Tag Archives: critical care nurses

The Cost of Service: Doctors, Nurses, First Responders, and other Medical Personnel During the novel Coronavirus 19 Pandemic


Friends of Padre Steve’s World,

I’ve served in ERs and ICUs during pandemics, but none as bad as this one. Likewise, I have seen far too many people die, I lost count somewhere after 700, but can still remember many of the dead, their families, and those who tried to save them like it happened yesterday. Many of the cases I dealt with were violent deaths, others from people who were in the words of ICU doctors and nurses, medical disaster areas because they had so many things wrong with them that you could treat one disease or organ, but have more organ failures. In the Medical ICU this is called multiple system organ failure. I have been with people who died with loving families and friends with them, others who died alone, and still others, especially dying AIDS patients die and being condemned to hell by family members who then used the opportunity to separate the patient from his lover and best friends.

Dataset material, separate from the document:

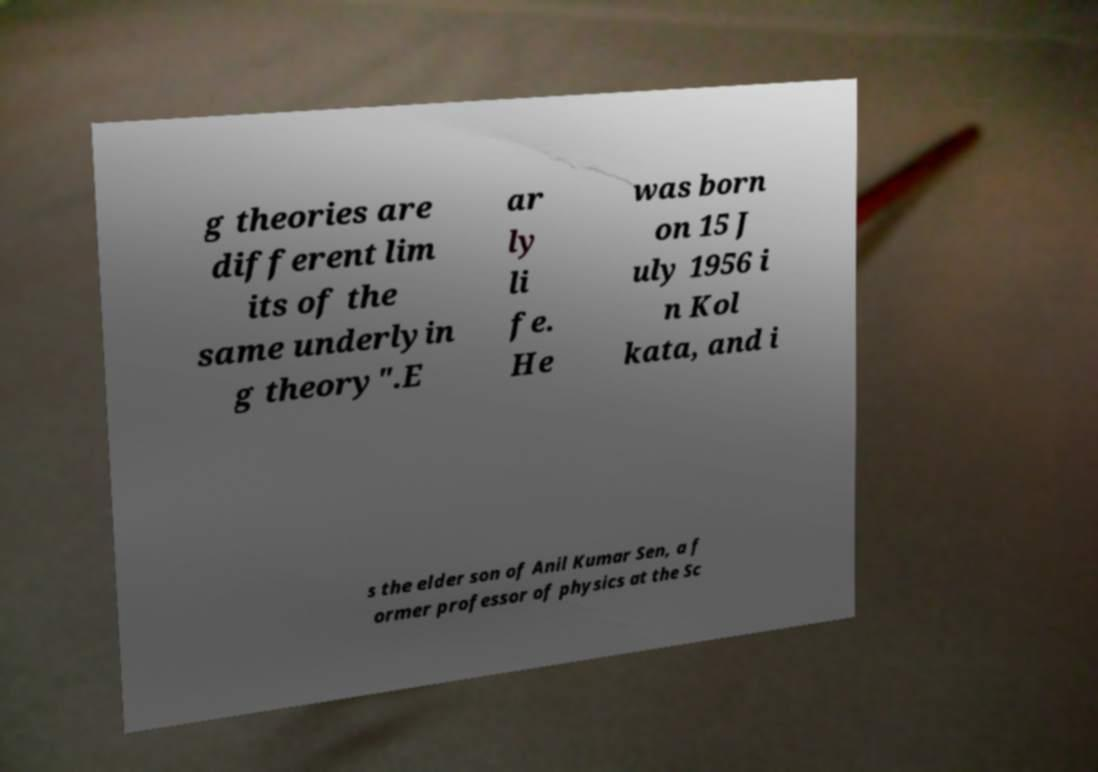What messages or text are displayed in this image? I need them in a readable, typed format. g theories are different lim its of the same underlyin g theory".E ar ly li fe. He was born on 15 J uly 1956 i n Kol kata, and i s the elder son of Anil Kumar Sen, a f ormer professor of physics at the Sc 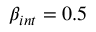Convert formula to latex. <formula><loc_0><loc_0><loc_500><loc_500>\beta _ { i n t } = 0 . 5</formula>

I have also seen those who survived their illnesses or injuries, but never fully recovered after long periods on ventilators to keep them breathing and huge concoctions of drugs and procedures to give them a chance to survive.

As a part of the treatment team I was often the go between from the physicians to the patients family members, providing ministry, even as I shuttled information between them with the goal of trying to help the patient survive. Sometimes all treatments were futile and I would help prepare the patients or the families for the end. Even as I write this the memories, images, and even sounds of these encounters of life between life and death.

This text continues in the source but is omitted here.